What the exercise asks: Each line that includes "corresponds" must be copied from the records.

The records:
'''

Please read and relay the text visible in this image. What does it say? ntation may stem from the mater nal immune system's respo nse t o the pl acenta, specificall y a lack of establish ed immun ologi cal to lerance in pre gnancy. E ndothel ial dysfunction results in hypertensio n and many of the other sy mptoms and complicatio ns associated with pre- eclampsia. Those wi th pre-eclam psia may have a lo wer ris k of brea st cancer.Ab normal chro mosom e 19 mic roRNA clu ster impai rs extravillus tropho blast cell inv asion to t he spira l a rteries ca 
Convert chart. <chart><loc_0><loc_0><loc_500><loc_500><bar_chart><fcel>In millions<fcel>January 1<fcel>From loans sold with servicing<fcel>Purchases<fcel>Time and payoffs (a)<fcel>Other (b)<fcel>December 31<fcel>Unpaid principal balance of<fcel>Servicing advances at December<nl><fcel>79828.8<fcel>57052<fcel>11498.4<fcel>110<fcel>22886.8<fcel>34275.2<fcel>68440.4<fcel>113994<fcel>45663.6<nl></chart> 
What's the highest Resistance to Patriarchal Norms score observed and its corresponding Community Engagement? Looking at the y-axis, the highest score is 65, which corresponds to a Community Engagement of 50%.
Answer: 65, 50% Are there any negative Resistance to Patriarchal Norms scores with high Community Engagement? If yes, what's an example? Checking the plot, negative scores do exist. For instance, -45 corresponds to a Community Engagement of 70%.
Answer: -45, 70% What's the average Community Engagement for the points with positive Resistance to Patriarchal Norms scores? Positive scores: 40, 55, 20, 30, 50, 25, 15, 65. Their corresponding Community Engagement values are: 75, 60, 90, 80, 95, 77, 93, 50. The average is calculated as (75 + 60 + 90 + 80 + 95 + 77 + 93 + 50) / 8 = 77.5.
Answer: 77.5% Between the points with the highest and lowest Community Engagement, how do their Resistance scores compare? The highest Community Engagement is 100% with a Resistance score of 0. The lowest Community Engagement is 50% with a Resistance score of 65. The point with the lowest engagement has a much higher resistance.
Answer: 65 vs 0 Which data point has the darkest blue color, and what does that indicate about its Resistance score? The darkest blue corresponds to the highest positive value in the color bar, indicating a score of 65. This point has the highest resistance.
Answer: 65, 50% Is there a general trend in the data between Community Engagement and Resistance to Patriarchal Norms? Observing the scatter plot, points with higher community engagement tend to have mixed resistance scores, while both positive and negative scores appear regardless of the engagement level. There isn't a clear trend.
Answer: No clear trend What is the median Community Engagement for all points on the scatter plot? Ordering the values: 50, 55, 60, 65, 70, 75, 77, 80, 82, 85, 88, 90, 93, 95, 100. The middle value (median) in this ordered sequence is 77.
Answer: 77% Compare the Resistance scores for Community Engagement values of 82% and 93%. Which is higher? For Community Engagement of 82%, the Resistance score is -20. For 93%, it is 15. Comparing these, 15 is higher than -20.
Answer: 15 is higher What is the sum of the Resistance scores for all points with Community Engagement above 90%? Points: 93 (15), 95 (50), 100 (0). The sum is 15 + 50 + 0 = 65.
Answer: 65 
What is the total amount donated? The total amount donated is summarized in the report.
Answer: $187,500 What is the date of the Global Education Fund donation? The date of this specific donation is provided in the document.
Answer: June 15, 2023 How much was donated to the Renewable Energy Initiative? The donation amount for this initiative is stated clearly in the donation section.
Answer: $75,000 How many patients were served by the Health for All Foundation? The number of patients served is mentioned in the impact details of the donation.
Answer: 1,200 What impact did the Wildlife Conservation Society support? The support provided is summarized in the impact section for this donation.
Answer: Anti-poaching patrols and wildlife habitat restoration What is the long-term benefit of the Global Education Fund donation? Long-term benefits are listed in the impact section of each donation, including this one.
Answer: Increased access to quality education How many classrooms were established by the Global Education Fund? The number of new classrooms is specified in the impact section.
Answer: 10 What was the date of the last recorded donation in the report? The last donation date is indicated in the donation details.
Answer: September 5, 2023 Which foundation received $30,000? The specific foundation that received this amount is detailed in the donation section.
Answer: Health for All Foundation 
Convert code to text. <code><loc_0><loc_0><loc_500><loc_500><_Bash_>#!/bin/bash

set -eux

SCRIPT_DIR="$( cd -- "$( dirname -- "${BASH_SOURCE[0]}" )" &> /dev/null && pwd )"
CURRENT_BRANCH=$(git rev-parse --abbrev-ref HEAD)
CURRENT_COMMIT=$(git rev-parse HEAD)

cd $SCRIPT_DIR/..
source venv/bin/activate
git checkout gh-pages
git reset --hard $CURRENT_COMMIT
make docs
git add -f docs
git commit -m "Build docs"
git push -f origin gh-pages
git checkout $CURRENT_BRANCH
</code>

'''

Result below:
What's the highest Resistance to Patriarchal Norms score observed and its corresponding Community Engagement? Looking at the y-axis, the highest score is 65, which corresponds to a Community Engagement of 50%.
Answer: 65, 50% Are there any negative Resistance to Patriarchal Norms scores with high Community Engagement? If yes, what's an example? Checking the plot, negative scores do exist. For instance, -45 corresponds to a Community Engagement of 70%.
Answer: 65 vs 0 Which data point has the darkest blue color, and what does that indicate about its Resistance score? The darkest blue corresponds to the highest positive value in the color bar, indicating a score of 65. This point has the highest resistance.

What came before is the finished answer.